Otto Barth (3 October 1876 – 9 August 1916) was an Austrian painter, graphic artist and mountaineer.

==Biography ==
He was born in Vienna. His father was an ornamental gardener. As a child, he was weak and sickly and worked to strengthen himself through mountain climbing. After showing some talent for sketching, he attended a drawing school and later enrolled at the Academy of Fine Arts.

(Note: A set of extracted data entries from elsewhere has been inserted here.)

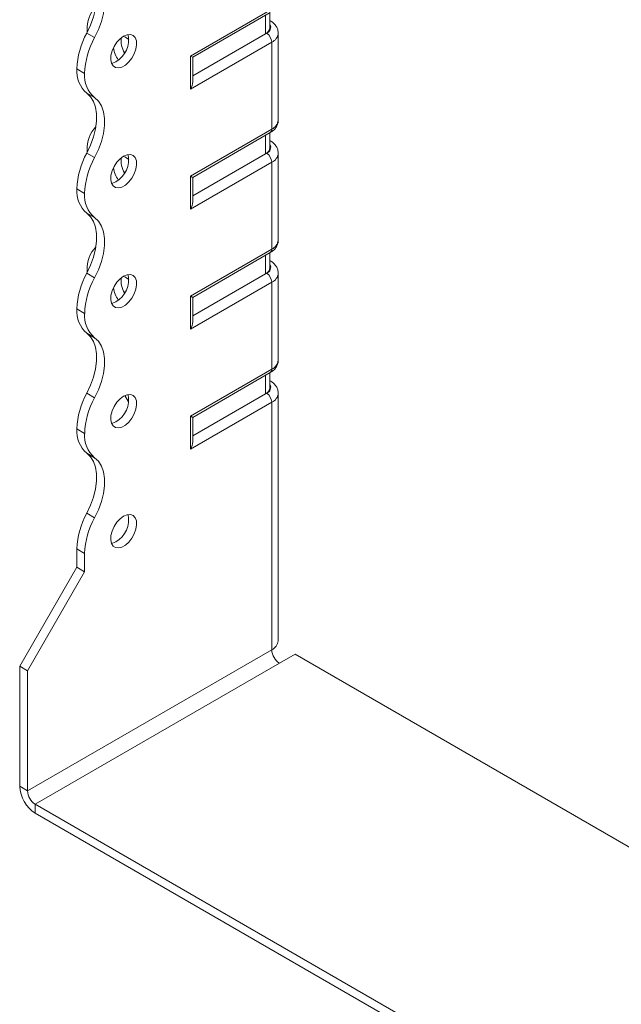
# Model space of a CAD drawing. Header units: millimetres. Extents: x 0 to 210, y 0 to 297.
# Tile 3 of 7: x 131 to 172, y 56 to 123. Entities that reach past the tile are written whole.
import ezdxf

# ---------------------------------------------------------------- set-up
doc = ezdxf.new("R2010")
doc.units = ezdxf.units.MM

msp = doc.modelspace()

# ---------------------------------------------------------------- linework, layer by layer
at = {"color": 7, "linetype": 'Continuous', "lineweight": 15}
for p, q in [((142.593, 120.507), (148.119, 123.698)), ((142.74, 120.423), (148.016, 123.469)), ((147.7, 122.026), (147.7, 123.286)), ((147.992, 122.435), (147.992, 123.455)), ((148.016, 122.906), (147.992, 122.919)), ((148.016, 122.906), (147.992, 122.917)), ((135.536, 122.068), (136.067, 121.761)), ((135.568, 122.267), (135.571, 122.133)), ((147.7, 122.026), (142.74, 119.163)), ((147.766, 122.064), (147.7, 122.026)), ((148.559, 116.144), (148.559, 122.064)), ((148.119, 121.452), (142.593, 118.262)), ((148.119, 115.532), (148.119, 121.452)), ((142.593, 118.262), (142.593, 120.507)), ((142.74, 118.755), (142.74, 120.423)), ((135.391, 119.33), (134.861, 119.636)), ((134.861, 119.636), (135.391, 119.33)), ((134.861, 119.636), (134.861, 119.636)), ((135.391, 119.33), (135.391, 119.33)), ((136.066, 117.679), (135.536, 117.985)), ((142.593, 112.342), (148.119, 115.532)), ((142.74, 112.257), (148.016, 115.303)), ((147.992, 114.269), (147.992, 115.29)), ((147.7, 113.861), (147.7, 115.121)), ((148.016, 114.74), (147.992, 114.754)), ((148.016, 114.74), (147.992, 114.751)), ((135.536, 113.902), (136.067, 113.596)), ((135.568, 114.102), (135.568, 114.101)), ((135.568, 114.101), (135.571, 113.967)), ((147.766, 113.899), (147.7, 113.861)), ((148.559, 107.979), (148.559, 113.899)), ((148.119, 113.287), (142.593, 110.097)), ((147.7, 113.861), (142.74, 110.998)), ((148.119, 107.367), (148.119, 113.287)), ((142.593, 110.097), (142.593, 112.342)), ((142.74, 110.589), (142.74, 112.257)), ((135.391, 111.165), (134.861, 111.471)), ((134.861, 111.47), (134.861, 111.471)), ((134.861, 111.47), (135.391, 111.164)), ((135.391, 111.164), (135.391, 111.165)), ((136.066, 109.514), (135.536, 109.82)), ((142.593, 104.177), (148.119, 107.367)), ((142.74, 104.092), (148.016, 107.138)), ((147.7, 105.695), (147.7, 106.955)), ((147.992, 106.104), (147.992, 107.124)), ((148.016, 106.575), (147.992, 106.588)), ((148.016, 106.575), (147.992, 106.586)), ((135.568, 105.937), (135.568, 105.797)), ((135.536, 105.736), (136.066, 105.43)), ((147.7, 105.695), (142.74, 102.832)), ((147.766, 105.734), (147.7, 105.695)), ((148.559, 99.814), (148.559, 105.734)), ((148.119, 105.121), (142.593, 101.931)), ((148.119, 99.201), (148.119, 105.121)), ((142.593, 101.931), (142.593, 104.177)), ((142.74, 102.424), (142.74, 104.092)), ((135.391, 103), (134.861, 103.306)), ((134.861, 103.305), (134.861, 103.306)), ((134.861, 103.305), (135.391, 102.999)), ((135.391, 102.999), (135.391, 103)), ((136.066, 101.348), (135.536, 101.654)), ((142.593, 96.011), (148.119, 99.201)), ((142.74, 95.927), (148.016, 98.972)), ((147.7, 97.53), (147.7, 98.79)), ((147.992, 97.938), (147.992, 98.959)), ((148.016, 98.409), (147.992, 98.423)), ((148.016, 98.409), (147.992, 98.42)), ((135.536, 97.571), (136.066, 97.265)), ((138.383, 96.978), (138.133, 97.412)), ((147.7, 97.53), (142.74, 94.667)), ((147.766, 97.568), (147.7, 97.53)), ((148.559, 80.727), (148.559, 97.568)), ((148.119, 96.956), (142.593, 93.766)), ((148.119, 80.115), (148.119, 96.956)), ((142.593, 93.766), (142.593, 96.011)), ((142.74, 94.259), (142.74, 95.927)), ((135.391, 94.835), (134.861, 95.141)), ((134.861, 95.14), (134.861, 95.141)), ((134.861, 95.14), (135.391, 94.834)), ((135.391, 94.834), (135.391, 94.835)), ((136.067, 93.183), (135.536, 93.489)), ((135.536, 89.406), (136.067, 89.1)), ((135.391, 86.668), (134.861, 86.975)), ((134.861, 85.73), (134.861, 86.975)), ((135.391, 85.423), (135.391, 86.668)), ((130.972, 78.993), (134.861, 85.73)), ((131.502, 78.687), (135.391, 85.423)), ((135.391, 85.423), (134.861, 85.73)), ((148.119, 80.115), (131.502, 70.522)), ((148.65, 79.196), (149.71, 79.808)), ((176.252, 64.486), (149.71, 79.808)), ((132.032, 69.603), (148.65, 79.196)), ((130.972, 78.993), (131.502, 78.687)), ((130.972, 70.828), (130.972, 78.993)), ((131.502, 70.522), (131.502, 78.687)), ((130.972, 70.828), (131.502, 70.522)), ((171.63, 46.744), (132.032, 69.603)), ((132.032, 69.603), (132.032, 68.991)), ((171.63, 46.131), (132.032, 68.991))]:
    msp.add_line(p, q, dxfattribs=at)
at = {"color": 7, "linetype": 'Continuous', "lineweight": 15, "flags": 128}
for points in [[(135.536, 126.151), (135.796, 125.905), (135.996, 125.583), (136.133, 125.191), (136.203, 124.742), (136.203, 124.246), (136.133, 123.716), (135.997, 123.167), (135.796, 122.613), (135.536, 122.068)], [(136.067, 121.761), (136.326, 122.306), (136.527, 122.861), (136.664, 123.41), (136.733, 123.94), (136.733, 124.436), (136.664, 124.885), (136.527, 125.276), (136.326, 125.599), (136.066, 125.844)], [(138.043, 121.861), (137.804, 121.686), (137.584, 121.448), (137.397, 121.164), (137.258, 120.857), (137.178, 120.549), (137.161, 120.262), (137.21, 120.018), (137.321, 119.835), (137.485, 119.727), (137.691, 119.701), (137.923, 119.76), (138.163, 119.899), (138.395, 120.108), (138.601, 120.371), (138.765, 120.669), (138.876, 120.98), (138.925, 121.28), (138.908, 121.548), (138.828, 121.763), (138.689, 121.91), (138.502, 121.978), (138.281, 121.961), (138.043, 121.861)], [(138.396, 121.635), (138.159, 121.79), (138.018, 121.847)], [(137.513, 120.126), (137.274, 120.026), (137.212, 120.013)], [(135.536, 117.985), (135.796, 117.74), (135.996, 117.417), (136.133, 117.026), (136.203, 116.577), (136.203, 116.081), (136.133, 115.551), (135.997, 115.002), (135.796, 114.447), (135.536, 113.902)], [(136.067, 113.596), (136.326, 114.141), (136.527, 114.696), (136.664, 115.245), (136.733, 115.774), (136.733, 116.27), (136.664, 116.72), (136.527, 117.111), (136.326, 117.434), (136.066, 117.679)], [(138.043, 113.696), (137.804, 113.52), (137.584, 113.282), (137.397, 112.999), (137.258, 112.692), (137.178, 112.383), (137.161, 112.096), (137.21, 111.853), (137.321, 111.67), (137.485, 111.561), (137.691, 111.536), (137.923, 111.595), (138.163, 111.733), (138.395, 111.942), (138.601, 112.205), (138.765, 112.503), (138.876, 112.814), (138.925, 113.115), (138.908, 113.382), (138.828, 113.598), (138.689, 113.745), (138.502, 113.812), (138.281, 113.796), (138.043, 113.696)], [(138.396, 113.469), (138.159, 113.624), (138.018, 113.681)], [(137.513, 111.961), (137.274, 111.861), (137.212, 111.848)], [(135.536, 109.82), (135.796, 109.574), (135.996, 109.252), (136.133, 108.861), (136.203, 108.411), (136.203, 107.915), (136.133, 107.385), (135.996, 106.836), (135.796, 106.281), (135.536, 105.736)], [(136.066, 105.43), (136.326, 105.975), (136.527, 106.53), (136.664, 107.079), (136.733, 107.609), (136.733, 108.105), (136.664, 108.554), (136.527, 108.946), (136.326, 109.268), (136.066, 109.514)], [(138.043, 105.53), (137.804, 105.355), (137.584, 105.117), (137.397, 104.834), (137.258, 104.526), (137.178, 104.218), (137.161, 103.931), (137.21, 103.687), (137.321, 103.504), (137.485, 103.396), (137.691, 103.37), (137.923, 103.429), (138.163, 103.568), (138.395, 103.777), (138.601, 104.04), (138.765, 104.338), (138.876, 104.649), (138.925, 104.949), (138.908, 105.217), (138.828, 105.432), (138.689, 105.579), (138.502, 105.647), (138.281, 105.63), (138.043, 105.53)], [(138.396, 105.304), (138.159, 105.459), (138.018, 105.516)], [(142.593, 104.177), (142.655, 104.141), (142.702, 104.114), (142.73, 104.098), (142.74, 104.092)], [(137.513, 103.795), (137.274, 103.695), (137.212, 103.683)], [(135.536, 101.654), (135.796, 101.409), (135.996, 101.086), (136.133, 100.695), (136.203, 100.246), (136.203, 99.749), (136.133, 99.22), (135.996, 98.671), (135.796, 98.116), (135.536, 97.571)], [(136.066, 97.265), (136.326, 97.81), (136.527, 98.364), (136.664, 98.914), (136.733, 99.443), (136.733, 99.939), (136.664, 100.389), (136.527, 100.78), (136.326, 101.103), (136.066, 101.348)], [(138.043, 97.365), (137.804, 97.19), (137.584, 96.951), (137.397, 96.668), (137.258, 96.361), (137.178, 96.052), (137.161, 95.766), (137.21, 95.522), (137.321, 95.339), (137.485, 95.231), (137.691, 95.205), (137.923, 95.264), (138.163, 95.403), (138.395, 95.611), (138.601, 95.875), (138.765, 96.173), (138.876, 96.483), (138.925, 96.784), (138.908, 97.052), (138.828, 97.267), (138.689, 97.414), (138.502, 97.482), (138.281, 97.465), (138.043, 97.365)], [(142.593, 96.011), (142.655, 95.975), (142.702, 95.949), (142.73, 95.932), (142.74, 95.927)], [(137.513, 95.63), (137.274, 95.53), (137.212, 95.517)], [(135.536, 93.489), (135.796, 93.243), (135.997, 92.921), (136.133, 92.53), (136.203, 92.08), (136.203, 91.584), (136.133, 91.055), (135.997, 90.505), (135.796, 89.951), (135.536, 89.406)], [(136.067, 89.1), (136.326, 89.645), (136.527, 90.199), (136.664, 90.748), (136.733, 91.278), (136.733, 91.774), (136.664, 92.223), (136.527, 92.615), (136.326, 92.937), (136.067, 93.183)], [(138.043, 89.2), (137.804, 89.024), (137.584, 88.786), (137.397, 88.503), (137.258, 88.195), (137.178, 87.887), (137.161, 87.6), (137.21, 87.356), (137.321, 87.173), (137.485, 87.065), (137.691, 87.04), (137.923, 87.098), (138.163, 87.237), (138.395, 87.446), (138.601, 87.709), (138.765, 88.007), (138.876, 88.318), (138.925, 88.618), (138.908, 88.886), (138.828, 89.102), (138.689, 89.249), (138.502, 89.316), (138.281, 89.299), (138.043, 89.2)], [(137.513, 87.464), (137.274, 87.365), (137.212, 87.352)]]:
    msp.add_lwpolyline(points, dxfattribs=at)
at = {"color": 7, "linetype": 'Continuous', "lineweight": 15}
for centre, radius, start, end in [((137.571, 122.424), 2.009, 134.71765, 184.47723), ((147.616, 122.469), 0.431, 290.26685, 29.20572), ((140.17, 119.471), 5.312, 150.73691, 178.21768), ((136.658, 121.621), 1.722, 299.74686, 11.822), ((147.492, 122.484), 0.503, 294.37466, 354.3052), ((147.352, 121.417), 0.768, 2.60548, 57.39452), ((147.823, 122.128), 0.738, 293.67271, 355.24506), ((140.7, 119.165), 5.312, 150.73691, 178.21768), ((139.466, 121.548), 1.594, 172.55814, 211.08499), ((139.313, 121.374), 1.988, 188.78709, 214.75221), ((136.813, 119.471), 1.959, 175.16254, 229.32327), ((137.343, 119.164), 1.959, 175.16254, 229.32327), ((147.808, 116.219), 0.754, 294.37466, 354.3052), ((137.571, 114.259), 2.009, 134.72167, 184.47672), ((147.874, 115.505), 0.246, 305.01333, 6.29885), ((140.17, 111.306), 5.312, 150.73691, 178.21768), ((147.492, 114.319), 0.503, 294.37466, 354.3052), ((147.616, 114.303), 0.431, 290.26685, 29.20572), ((147.352, 113.252), 0.768, 2.60548, 57.39452), ((147.823, 113.963), 0.738, 293.67271, 355.24506), ((140.7, 110.999), 5.312, 150.73691, 178.21768), ((136.658, 113.456), 1.722, 299.74686, 11.822), ((139.466, 113.382), 1.594, 172.55814, 211.08499), ((139.313, 113.209), 1.988, 188.78709, 214.75221), ((136.813, 111.305), 1.959, 175.16254, 229.32327), ((137.343, 110.999), 1.959, 175.16254, 229.32327), ((147.808, 108.054), 0.754, 294.37466, 354.3052), ((137.569, 106.094), 2.008, 134.70158, 184.47927), ((147.874, 107.34), 0.246, 305.01333, 6.29885), ((147.492, 106.154), 0.503, 294.37466, 354.3052), ((147.616, 106.138), 0.431, 290.26685, 29.20572), ((140.167, 103.141), 5.308, 150.73258, 178.21727), ((140.697, 102.835), 5.308, 150.73258, 178.21727), ((136.658, 105.29), 1.722, 299.74686, 11.822), ((139.466, 105.217), 1.594, 172.55814, 211.08499), ((147.352, 105.086), 0.768, 2.60548, 57.39452), ((147.823, 105.797), 0.738, 293.67271, 355.24506), ((139.313, 105.043), 1.988, 188.78709, 214.75221), ((136.813, 103.14), 1.959, 175.16254, 229.32327), ((137.343, 102.834), 1.959, 175.16254, 229.32327), ((147.874, 99.174), 0.246, 305.01333, 6.29885), ((147.808, 99.888), 0.754, 294.37466, 354.3052), ((147.492, 97.988), 0.503, 294.37466, 354.3052), ((147.616, 97.972), 0.431, 290.26685, 29.20572), ((140.167, 94.976), 5.308, 150.73258, 178.21727), ((140.697, 94.67), 5.308, 150.73258, 178.21727), ((136.658, 97.125), 1.722, 299.74686, 11.822), ((147.352, 96.921), 0.768, 2.60548, 57.39452), ((147.823, 97.632), 0.738, 293.67271, 355.24506), ((136.814, 94.975), 1.96, 175.16429, 229.31203), ((137.344, 94.669), 1.96, 175.16429, 229.31203), ((140.17, 86.809), 5.312, 150.73691, 178.21768), ((140.7, 86.503), 5.312, 150.73691, 178.21768), ((136.658, 88.96), 1.722, 299.74686, 11.822), ((147.808, 80.802), 0.754, 294.37466, 354.3052), ((149.271, 80.167), 1.153, 182.60548, 237.39452), ((133.275, 70.933), 2.305, 182.60548, 237.39452), ((132.654, 70.574), 1.153, 182.60548, 237.39452)]:
    msp.add_arc(centre, radius, start, end, dxfattribs=at)
for centre, major_axis, ratio, start_param, end_param in [((142.24, 120.712), (0.5, -0.289), 0.00007, 0.000041, 0.785439), ((142.24, 118.466), (0.354, 0.612), 0.577335, 4.71243, 5.497828), ((142.24, 112.546), (0.5, -0.289), 0.00007, 0.000041, 0.785439), ((142.24, 110.301), (0.354, 0.612), 0.577335, 4.71243, 5.497828), ((142.24, 102.135), (0.354, 0.612), 0.577335, 4.71243, 5.497828), ((142.24, 93.97), (0.354, 0.612), 0.577335, 4.71243, 5.497828)]:
    msp.add_ellipse(centre, major_axis=major_axis, ratio=ratio, start_param=start_param, end_param=end_param, dxfattribs=at)
for points, knots in [([(148.549, 122.067), (148.549, 122.123), (148.55, 122.263), (148.464, 122.473), (148.318, 122.68), (148.158, 122.819), (148.048, 122.886), (148.016, 122.906)], [0, 0, 0, 0, 0.160745, 0.402029, 0.641834, 0.893518, 1, 1, 1, 1]), ([(148.016, 115.303), (148.068, 115.336), (148.199, 115.419), (148.369, 115.586), (148.498, 115.807), (148.561, 115.999), (148.552, 116.111), (148.549, 116.141)], [0, 0, 0, 0, 0.171519, 0.432805, 0.677253, 0.913445, 1, 1, 1, 1]), ([(148.549, 113.902), (148.549, 113.958), (148.55, 114.098), (148.464, 114.308), (148.318, 114.515), (148.158, 114.653), (148.048, 114.72), (148.016, 114.74)], [0, 0, 0, 0, 0.160745, 0.402029, 0.641834, 0.893518, 1, 1, 1, 1]), ([(148.016, 107.138), (148.068, 107.171), (148.199, 107.253), (148.369, 107.421), (148.498, 107.642), (148.561, 107.834), (148.552, 107.945), (148.549, 107.975)], [0, 0, 0, 0, 0.171519, 0.432805, 0.677253, 0.913445, 1, 1, 1, 1]), ([(148.549, 105.736), (148.549, 105.792), (148.55, 105.932), (148.464, 106.143), (148.318, 106.349), (148.158, 106.488), (148.048, 106.555), (148.016, 106.575)], [0, 0, 0, 0, 0.160745, 0.402029, 0.641834, 0.893518, 1, 1, 1, 1]), ([(148.016, 98.972), (148.068, 99.005), (148.199, 99.088), (148.369, 99.255), (148.498, 99.476), (148.561, 99.668), (148.552, 99.78), (148.549, 99.81)], [0, 0, 0, 0, 0.171519, 0.432805, 0.677253, 0.913445, 1, 1, 1, 1]), ([(148.549, 97.571), (148.549, 97.627), (148.55, 97.767), (148.464, 97.977), (148.318, 98.184), (148.158, 98.322), (148.048, 98.389), (148.016, 98.409)], [0, 0, 0, 0, 0.160745, 0.402029, 0.641834, 0.893518, 1, 1, 1, 1])]:
    msp.add_open_spline(points, degree=3, knots=knots, dxfattribs=at)

doc.saveas('drawing.dxf')

He was close friends with the painter, Gustav Jahn, who was also an enthusiastic mountaineer. They went on several expeditions together, some of which were first ascents. The two seemed to be a mismatched pair, as Jahn was always in a good mood, whereas Barth was generally gloomy and dissatisfied with his work.

He was a member of the Hagenbund and co-founded an artists' group known as "Phalanx". He also received several commissions for paintings in public buildings, such as the new wing of the Salzburg Hauptbahnhof and a new hotel in Baden.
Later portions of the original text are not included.